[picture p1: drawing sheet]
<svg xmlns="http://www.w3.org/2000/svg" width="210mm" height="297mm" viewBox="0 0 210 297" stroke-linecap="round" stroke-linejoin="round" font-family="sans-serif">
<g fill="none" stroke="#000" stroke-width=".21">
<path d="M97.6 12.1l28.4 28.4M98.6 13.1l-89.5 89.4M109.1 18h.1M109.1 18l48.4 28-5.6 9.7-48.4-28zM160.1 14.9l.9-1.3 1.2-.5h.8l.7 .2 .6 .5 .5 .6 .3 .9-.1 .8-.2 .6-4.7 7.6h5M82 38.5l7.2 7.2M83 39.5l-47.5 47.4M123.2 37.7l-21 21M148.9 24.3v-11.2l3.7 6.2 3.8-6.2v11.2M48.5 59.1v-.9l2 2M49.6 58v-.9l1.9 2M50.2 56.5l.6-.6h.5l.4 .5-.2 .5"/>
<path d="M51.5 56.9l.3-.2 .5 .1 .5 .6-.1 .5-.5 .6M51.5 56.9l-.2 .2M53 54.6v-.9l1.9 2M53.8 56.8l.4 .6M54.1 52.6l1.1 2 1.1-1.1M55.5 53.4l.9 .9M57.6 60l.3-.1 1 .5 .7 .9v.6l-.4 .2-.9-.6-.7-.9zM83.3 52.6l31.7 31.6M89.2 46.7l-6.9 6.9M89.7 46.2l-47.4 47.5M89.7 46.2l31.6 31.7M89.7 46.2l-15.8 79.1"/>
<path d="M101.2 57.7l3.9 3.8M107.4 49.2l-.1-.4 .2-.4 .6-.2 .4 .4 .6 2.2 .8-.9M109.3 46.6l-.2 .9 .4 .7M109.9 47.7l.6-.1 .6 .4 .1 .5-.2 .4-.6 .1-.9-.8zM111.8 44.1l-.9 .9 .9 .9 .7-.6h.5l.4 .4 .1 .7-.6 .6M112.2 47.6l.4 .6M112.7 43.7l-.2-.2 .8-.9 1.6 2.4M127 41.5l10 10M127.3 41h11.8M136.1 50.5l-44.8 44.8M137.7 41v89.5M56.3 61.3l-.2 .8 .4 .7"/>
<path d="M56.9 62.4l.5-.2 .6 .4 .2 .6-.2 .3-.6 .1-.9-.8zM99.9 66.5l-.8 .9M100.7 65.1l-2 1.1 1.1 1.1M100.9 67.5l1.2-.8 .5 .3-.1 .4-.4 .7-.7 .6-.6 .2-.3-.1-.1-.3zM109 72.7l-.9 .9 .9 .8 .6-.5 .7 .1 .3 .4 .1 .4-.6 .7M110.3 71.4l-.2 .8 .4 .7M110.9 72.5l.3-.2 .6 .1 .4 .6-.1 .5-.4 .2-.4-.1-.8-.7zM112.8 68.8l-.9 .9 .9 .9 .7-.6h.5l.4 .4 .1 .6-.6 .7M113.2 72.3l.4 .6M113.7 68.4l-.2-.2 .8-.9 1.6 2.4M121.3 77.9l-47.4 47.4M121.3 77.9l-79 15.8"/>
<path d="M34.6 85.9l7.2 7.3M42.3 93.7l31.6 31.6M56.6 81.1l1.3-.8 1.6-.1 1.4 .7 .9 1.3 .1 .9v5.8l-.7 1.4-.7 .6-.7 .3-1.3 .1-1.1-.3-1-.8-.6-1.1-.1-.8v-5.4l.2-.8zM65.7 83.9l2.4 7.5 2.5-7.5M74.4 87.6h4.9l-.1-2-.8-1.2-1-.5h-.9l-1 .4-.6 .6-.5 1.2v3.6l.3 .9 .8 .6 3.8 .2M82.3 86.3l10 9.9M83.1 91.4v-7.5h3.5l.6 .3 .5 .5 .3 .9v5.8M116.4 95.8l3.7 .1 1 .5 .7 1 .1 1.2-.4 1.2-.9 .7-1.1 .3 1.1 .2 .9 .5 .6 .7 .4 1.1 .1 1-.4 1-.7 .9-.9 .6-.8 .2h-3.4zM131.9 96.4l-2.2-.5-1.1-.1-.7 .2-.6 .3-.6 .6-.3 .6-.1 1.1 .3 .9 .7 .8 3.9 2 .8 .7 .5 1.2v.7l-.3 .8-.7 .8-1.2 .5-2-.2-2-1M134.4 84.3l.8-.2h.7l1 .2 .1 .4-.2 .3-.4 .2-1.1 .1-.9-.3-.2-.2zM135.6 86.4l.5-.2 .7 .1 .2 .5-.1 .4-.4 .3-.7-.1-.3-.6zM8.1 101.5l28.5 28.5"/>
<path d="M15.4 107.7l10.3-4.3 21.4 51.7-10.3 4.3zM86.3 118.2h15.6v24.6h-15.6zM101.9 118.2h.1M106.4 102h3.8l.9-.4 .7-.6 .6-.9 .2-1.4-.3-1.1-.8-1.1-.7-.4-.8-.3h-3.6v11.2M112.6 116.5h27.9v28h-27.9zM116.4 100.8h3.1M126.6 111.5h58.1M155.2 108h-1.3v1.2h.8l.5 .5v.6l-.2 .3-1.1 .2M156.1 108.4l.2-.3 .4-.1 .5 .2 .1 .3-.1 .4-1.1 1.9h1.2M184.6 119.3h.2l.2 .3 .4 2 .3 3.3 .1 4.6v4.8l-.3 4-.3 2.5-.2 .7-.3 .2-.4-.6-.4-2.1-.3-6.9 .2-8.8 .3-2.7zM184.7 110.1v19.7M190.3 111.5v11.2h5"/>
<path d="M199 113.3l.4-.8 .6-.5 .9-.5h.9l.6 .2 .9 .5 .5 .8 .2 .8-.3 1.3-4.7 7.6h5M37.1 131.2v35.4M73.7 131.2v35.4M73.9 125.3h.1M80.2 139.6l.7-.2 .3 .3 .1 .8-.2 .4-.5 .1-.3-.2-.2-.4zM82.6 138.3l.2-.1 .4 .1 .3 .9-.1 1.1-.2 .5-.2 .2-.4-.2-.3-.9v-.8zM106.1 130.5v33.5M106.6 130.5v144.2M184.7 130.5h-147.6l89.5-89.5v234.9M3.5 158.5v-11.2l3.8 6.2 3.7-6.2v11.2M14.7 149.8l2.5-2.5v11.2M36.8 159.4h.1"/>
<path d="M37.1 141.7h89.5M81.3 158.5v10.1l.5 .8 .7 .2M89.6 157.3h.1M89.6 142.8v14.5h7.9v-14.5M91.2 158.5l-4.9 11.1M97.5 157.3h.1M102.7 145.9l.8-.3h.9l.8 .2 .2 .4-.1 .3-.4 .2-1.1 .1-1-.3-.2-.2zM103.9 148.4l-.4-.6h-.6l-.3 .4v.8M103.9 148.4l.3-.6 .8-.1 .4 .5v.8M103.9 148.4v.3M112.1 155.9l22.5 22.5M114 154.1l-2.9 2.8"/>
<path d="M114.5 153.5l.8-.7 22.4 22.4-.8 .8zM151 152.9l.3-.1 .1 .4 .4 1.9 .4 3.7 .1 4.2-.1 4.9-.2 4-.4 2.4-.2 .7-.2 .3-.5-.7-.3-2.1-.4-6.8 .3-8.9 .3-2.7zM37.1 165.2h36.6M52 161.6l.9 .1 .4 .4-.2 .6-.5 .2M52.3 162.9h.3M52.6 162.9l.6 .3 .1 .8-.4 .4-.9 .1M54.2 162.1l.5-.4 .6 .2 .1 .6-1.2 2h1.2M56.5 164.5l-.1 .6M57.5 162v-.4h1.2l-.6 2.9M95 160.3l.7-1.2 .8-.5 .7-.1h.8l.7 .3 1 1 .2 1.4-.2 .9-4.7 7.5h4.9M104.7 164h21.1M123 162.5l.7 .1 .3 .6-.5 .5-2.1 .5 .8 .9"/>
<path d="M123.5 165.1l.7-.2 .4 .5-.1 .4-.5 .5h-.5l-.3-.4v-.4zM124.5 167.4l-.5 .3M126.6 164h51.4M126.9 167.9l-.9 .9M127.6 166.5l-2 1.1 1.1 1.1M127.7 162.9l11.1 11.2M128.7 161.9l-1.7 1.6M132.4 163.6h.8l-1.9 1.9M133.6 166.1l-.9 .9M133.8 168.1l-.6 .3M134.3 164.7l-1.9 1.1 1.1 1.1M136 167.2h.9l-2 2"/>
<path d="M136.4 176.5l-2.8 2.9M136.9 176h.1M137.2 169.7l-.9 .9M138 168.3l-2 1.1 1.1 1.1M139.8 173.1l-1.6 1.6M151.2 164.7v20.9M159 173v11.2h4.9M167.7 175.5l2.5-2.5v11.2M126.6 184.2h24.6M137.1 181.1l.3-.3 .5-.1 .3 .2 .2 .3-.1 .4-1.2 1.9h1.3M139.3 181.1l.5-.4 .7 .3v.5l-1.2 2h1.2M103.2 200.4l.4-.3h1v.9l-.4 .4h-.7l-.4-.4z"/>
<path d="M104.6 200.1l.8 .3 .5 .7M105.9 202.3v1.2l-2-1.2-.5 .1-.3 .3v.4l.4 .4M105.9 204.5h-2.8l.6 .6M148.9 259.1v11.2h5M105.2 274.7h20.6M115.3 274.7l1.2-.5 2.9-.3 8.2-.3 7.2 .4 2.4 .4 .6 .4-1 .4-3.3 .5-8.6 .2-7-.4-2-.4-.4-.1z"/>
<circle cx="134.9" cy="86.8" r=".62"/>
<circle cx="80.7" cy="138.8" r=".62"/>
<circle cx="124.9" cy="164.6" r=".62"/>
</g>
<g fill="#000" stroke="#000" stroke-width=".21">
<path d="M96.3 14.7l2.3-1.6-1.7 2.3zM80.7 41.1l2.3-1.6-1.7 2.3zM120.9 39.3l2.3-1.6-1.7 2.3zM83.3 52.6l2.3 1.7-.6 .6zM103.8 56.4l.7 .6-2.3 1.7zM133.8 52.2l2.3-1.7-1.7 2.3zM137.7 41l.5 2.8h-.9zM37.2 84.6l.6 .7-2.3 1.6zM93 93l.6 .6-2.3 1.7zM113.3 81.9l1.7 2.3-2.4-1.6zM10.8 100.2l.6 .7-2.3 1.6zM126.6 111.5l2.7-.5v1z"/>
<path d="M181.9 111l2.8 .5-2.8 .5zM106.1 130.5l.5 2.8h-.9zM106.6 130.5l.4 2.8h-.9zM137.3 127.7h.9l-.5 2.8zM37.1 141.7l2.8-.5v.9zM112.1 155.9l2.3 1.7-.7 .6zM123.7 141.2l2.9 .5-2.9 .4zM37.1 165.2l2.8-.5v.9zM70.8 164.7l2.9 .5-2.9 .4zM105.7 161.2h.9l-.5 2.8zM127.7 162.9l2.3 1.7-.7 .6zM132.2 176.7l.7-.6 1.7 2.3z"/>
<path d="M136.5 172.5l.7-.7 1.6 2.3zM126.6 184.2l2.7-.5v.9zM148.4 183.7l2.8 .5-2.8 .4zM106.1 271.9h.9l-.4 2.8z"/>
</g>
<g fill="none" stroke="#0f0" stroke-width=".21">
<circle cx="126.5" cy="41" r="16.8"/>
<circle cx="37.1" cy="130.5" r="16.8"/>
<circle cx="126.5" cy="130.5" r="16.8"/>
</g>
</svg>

## Aim of the task
Which lines should be output? Exactly those from the first line of the data through the line containing "85.9l7.2 7.3M42.3 93.7l31.6", inclusive.

## Answer box
[picture p1: drawing sheet]
<svg xmlns="http://www.w3.org/2000/svg" width="210mm" height="297mm" viewBox="0 0 210 297" stroke-linecap="round" stroke-linejoin="round" font-family="sans-serif">
<g fill="none" stroke="#000" stroke-width=".21">
<path d="M97.6 12.1l28.4 28.4M98.6 13.1l-89.5 89.4M109.1 18h.1M109.1 18l48.4 28-5.6 9.7-48.4-28zM160.1 14.9l.9-1.3 1.2-.5h.8l.7 .2 .6 .5 .5 .6 .3 .9-.1 .8-.2 .6-4.7 7.6h5M82 38.5l7.2 7.2M83 39.5l-47.5 47.4M123.2 37.7l-21 21M148.9 24.3v-11.2l3.7 6.2 3.8-6.2v11.2M48.5 59.1v-.9l2 2M49.6 58v-.9l1.9 2M50.2 56.5l.6-.6h.5l.4 .5-.2 .5"/>
<path d="M51.5 56.9l.3-.2 .5 .1 .5 .6-.1 .5-.5 .6M51.5 56.9l-.2 .2M53 54.6v-.9l1.9 2M53.8 56.8l.4 .6M54.1 52.6l1.1 2 1.1-1.1M55.5 53.4l.9 .9M57.6 60l.3-.1 1 .5 .7 .9v.6l-.4 .2-.9-.6-.7-.9zM83.3 52.6l31.7 31.6M89.2 46.7l-6.9 6.9M89.7 46.2l-47.4 47.5M89.7 46.2l31.6 31.7M89.7 46.2l-15.8 79.1"/>
<path d="M101.2 57.7l3.9 3.8M107.4 49.2l-.1-.4 .2-.4 .6-.2 .4 .4 .6 2.2 .8-.9M109.3 46.6l-.2 .9 .4 .7M109.9 47.7l.6-.1 .6 .4 .1 .5-.2 .4-.6 .1-.9-.8zM111.8 44.1l-.9 .9 .9 .9 .7-.6h.5l.4 .4 .1 .7-.6 .6M112.2 47.6l.4 .6M112.7 43.7l-.2-.2 .8-.9 1.6 2.4M127 41.5l10 10M127.3 41h11.8M136.1 50.5l-44.8 44.8M137.7 41v89.5M56.3 61.3l-.2 .8 .4 .7"/>
<path d="M56.9 62.4l.5-.2 .6 .4 .2 .6-.2 .3-.6 .1-.9-.8zM99.9 66.5l-.8 .9M100.7 65.1l-2 1.1 1.1 1.1M100.9 67.5l1.2-.8 .5 .3-.1 .4-.4 .7-.7 .6-.6 .2-.3-.1-.1-.3zM109 72.7l-.9 .9 .9 .8 .6-.5 .7 .1 .3 .4 .1 .4-.6 .7M110.3 71.4l-.2 .8 .4 .7M110.9 72.5l.3-.2 .6 .1 .4 .6-.1 .5-.4 .2-.4-.1-.8-.7zM112.8 68.8l-.9 .9 .9 .9 .7-.6h.5l.4 .4 .1 .6-.6 .7M113.2 72.3l.4 .6M113.7 68.4l-.2-.2 .8-.9 1.6 2.4M121.3 77.9l-47.4 47.4M121.3 77.9l-79 15.8"/>
<path d="M34.6 85.9l7.2 7.3M42.3 93.7l31.6 31.6M56.6 81.1l1.3-.8 1.6-.1 1.4 .7 .9 1.3 .1 .9v5.8l-.7 1.4-.7 .6-.7 .3-1.3 .1-1.1-.3-1-.8-.6-1.1-.1-.8v-5.4l.2-.8zM65.7 83.9l2.4 7.5 2.5-7.5M74.4 87.6h4.9l-.1-2-.8-1.2-1-.5h-.9l-1 .4-.6 .6-.5 1.2v3.6l.3 .9 .8 .6 3.8 .2M82.3 86.3l10 9.9M83.1 91.4v-7.5h3.5l.6 .3 .5 .5 .3 .9v5.8M116.4 95.8l3.7 .1 1 .5 .7 1 .1 1.2-.4 1.2-.9 .7-1.1 .3 1.1 .2 .9 .5 .6 .7 .4 1.1 .1 1-.4 1-.7 .9-.9 .6-.8 .2h-3.4zM131.9 96.4l-2.2-.5-1.1-.1-.7 .2-.6 .3-.6 .6-.3 .6-.1 1.1 .3 .9 .7 .8 3.9 2 .8 .7 .5 1.2v.7l-.3 .8-.7 .8-1.2 .5-2-.2-2-1M134.4 84.3l.8-.2h.7l1 .2 .1 .4-.2 .3-.4 .2-1.1 .1-.9-.3-.2-.2zM135.6 86.4l.5-.2 .7 .1 .2 .5-.1 .4-.4 .3-.7-.1-.3-.6zM8.1 101.5l28.5 28.5"/>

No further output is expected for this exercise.